During oral arguments on Monday, Durgin’s attorney, James Jaconette of Robbins Geller Rudman and Dowd LLP, argued that the documents supported the complaint, but said if the court was struggling with the complaint’s securities fraud claim, it could be let go.
“The breach of fiduciary duty claims stand on their own,” the attorney said. “Candidly, I don’t think we need to bring the 10b claims right now. If we’re talking about how to resolve this case, which has been on the docket for nine years, expeditiously, I think that it’s appropriate to discuss exactly how we can do this.”
The company and the shareholders were “walloped” by company officials’ actions, the attorney said.
“We’re talking about hundreds of millions of dollars paid in fines and penalties, and with the investigations concluded and the class case settled with substantial money allocated out of Amgen’s pockets and the pockets of Amgen’s shareholders as a result,” he said.
In August 2015, Amgen agreed to pay $71 million to 48 state attorneys general over the claims. Last year, the company settled an investor class action for $95 million.
Durgin’s derivative complaint against Amgen’s board stated causes of action for breach of fiduciary duty and misleading investors to inflate the company’s stock price. It was stayed months after it was filed to wait for the outcome of the securities litigation and reopened on Oct. 11, 2016.

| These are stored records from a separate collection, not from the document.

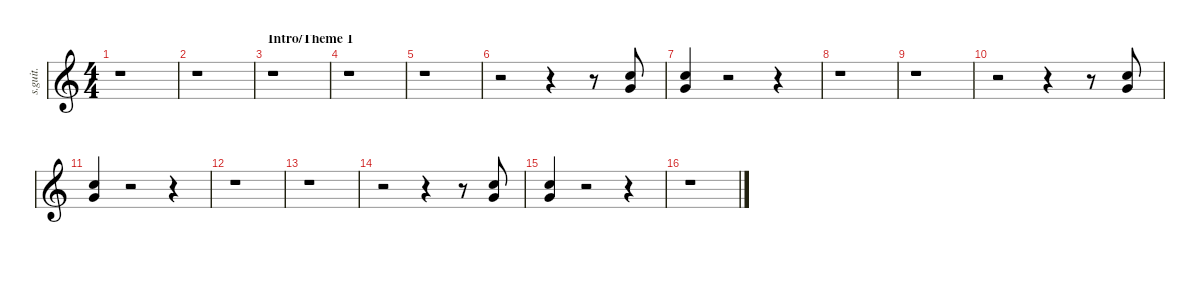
\defaultSystemsLayout 4
\hideDynamics
\bracketExtendMode nobrackets
\track ("Lars Ulrich - Drumzzz" "s.guit.") {instrument percussion}
\staff {score}
\articulation defaults
\ts (4 4)
\beaming (8 2 2 2 2)
\tempo (112 hide)
\clef g2
\ks c
r.1{dy f} |
r.1 |
\section ("" "Intro/Theme 1")
r.1 |
r.1 |
r.1 |
r.2 r.4 r.8 ("Very Low Tom (hit)" "Snare (hit) 2").8{lyrics (0 "") lyrics (1 "") lyrics (2 "") lyrics (3 "") lyrics (4 "")} |
("Very Low Tom (hit)" "Snare (hit) 2").4{lyrics (0 "") lyrics (1 "") lyrics (2 "") lyrics (3 "") lyrics (4 "")} r.2 r.4 |
r.1 |
r.1 |
r.2 r.4 r.8 ("Very Low Tom (hit)" "Snare (hit) 2").8{lyrics (0 "") lyrics (1 "") lyrics (2 "") lyrics (3 "") lyrics (4 "")} |
("Very Low Tom (hit)" "Snare (hit) 2").4{lyrics (0 "") lyrics (1 "") lyrics (2 "") lyrics (3 "") lyrics (4 "")} r.2 r.4 |
r.1 |
r.1 |
r.2 r.4 r.8 ("Very Low Tom (hit)" "Snare (hit) 2").8{lyrics (0 "") lyrics (1 "") lyrics (2 "") lyrics (3 "") lyrics (4 "")} |
("Very Low Tom (hit)" "Snare (hit) 2").4{lyrics (0 "") lyrics (1 "") lyrics (2 "") lyrics (3 "") lyrics (4 "")} r.2 r.4 |
r.1

Durgin is represented by James I. Jaconette and Benny C. Goodman III of Robbins Geller Rudman & Dowd LLP, Paul Warner of The Warner Law Firm, and David M. Goldstein of the Law Offices of David M. Goldstein.
The officers and directors are represented by Steven O. Kramer and Jonathan David Moss of Sheppard Mullin Richter & Hampton LLP.
Amgen is represented by John C. Hueston, Douglas James Dixon, and Kasey L. Mitchell of Hueston Hennigan LLP. The case is Judy Durgin v. Kevin W. Sharer et al., case number 2:07-cv-03001, in the U.S. District Court for the Central District of California.